With American Middle East policy being dictated and influenced by the Israeli lobby, South Africa's relationship with the US will be drawn into a new analysis prism. In such circumstances, the lobby has been known to factorise where the policy it is fighting originated. Israel has been able to sustain a duality of being a country pursuing human dignity, social justice, non-racialism, non-sexism, human rights, comprehensive freedom, and the right to self-determination for the Jewish community on one hand and acting almost the opposite when the same is demanded for Palestinians. The moral correctness of its occupation is, in Israeli democratic parlance, legal and somewhat legitimate. 

 

The first shot at dealing with South Africa has been fired, and a Bill cited as "the US-South Africa Bilateral Relations Review Act” is now a reality in the American law-making process. The tone of the US Congress Findings isolates the governing African National Congress from the South African State as established by its Constitution. It suggests that South Africa's posture towards the State of Israel can be differently managed with another governing party in charge or a new cohort of leadership in charge of the governing party. It characterises RSA foreign policy within the prism of the ANCness of government as a function of the hold of the ANC as the governing party; this makes the ANC the liability of South Africans. This strategy was up to the ICJ case working on the isolation of Hamas and others in the Middle East. 

 

The Bill in the US Senate declares that "the ANC’s foreign policy actions have long ceased to reflect its stated stance of nonalignment, and now directly favour the PRC, the Russian Federation, and Hamas, a known proxy of Iran, and thereby undermine United States national security and foreign policy interests." This declaration creates a policy context to reposition the ANC's relationship with the US's national security management juggernaut, including its regime change global apparatuses. The thrust of the Bill is to determine whether South Africa has engaged in activities that undermine United States national security or foreign policy interests. The discourse has shifted from being about any other interest, legitimate or otherwise, to that of the US. 
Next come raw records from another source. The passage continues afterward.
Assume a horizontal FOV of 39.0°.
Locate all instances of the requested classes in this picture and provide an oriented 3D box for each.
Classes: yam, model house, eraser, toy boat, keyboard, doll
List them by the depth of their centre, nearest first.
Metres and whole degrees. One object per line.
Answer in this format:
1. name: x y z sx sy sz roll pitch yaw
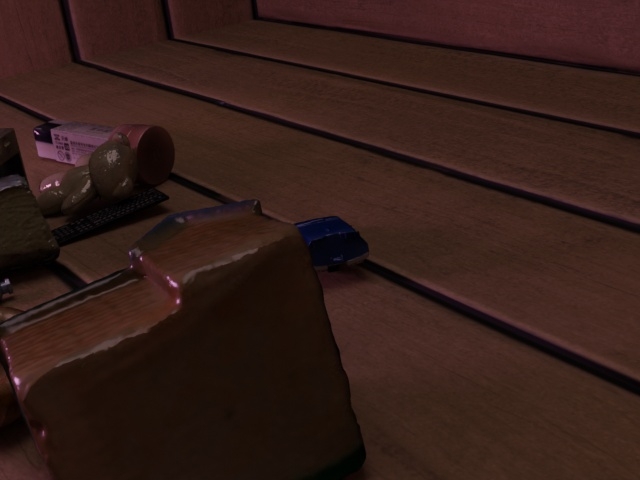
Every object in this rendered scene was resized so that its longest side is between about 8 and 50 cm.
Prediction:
1. model house: -0.196 0.166 1.176 0.382 0.334 0.342 -22 17 -20
2. toy boat: 0.000 0.000 1.750 0.129 0.088 0.295 -12 13 -10
3. yam: -0.703 -0.004 1.822 0.271 0.202 0.201 -23 6 -29
4. keyboard: -0.436 -0.073 2.070 0.381 0.041 0.103 -20 27 -28
5. doll: -0.553 -0.135 2.156 0.278 0.175 0.149 -16 -18 16
6. eraser: -0.623 -0.258 2.472 0.404 0.098 0.096 13 29 36

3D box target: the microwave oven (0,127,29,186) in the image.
1. microwave oven: -0.755 -0.113 1.999 0.194 0.240 0.145 -1 25 12

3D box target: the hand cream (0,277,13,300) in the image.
1. hand cream: -0.670 0.115 1.710 0.171 0.043 0.065 -22 22 -21

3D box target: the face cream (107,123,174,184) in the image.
1. face cream: -0.451 -0.217 2.265 0.104 0.149 0.149 7 27 30

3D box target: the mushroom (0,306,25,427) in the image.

While apartheid, genocide, imperialism, or interests of other governments, which are inconsistent with what South Africa stands for, are an impunity our human rights lung posture as a nation cannot tolerate, it will always be the costs we have to pay that will determine the health and well being of our democracy. Once enacted, the US Bill will redefine South Africa's relations with all US allies. The diplomatic relations template has shifted; our politics will be more geopolitical than we have bargained for. CUT!!!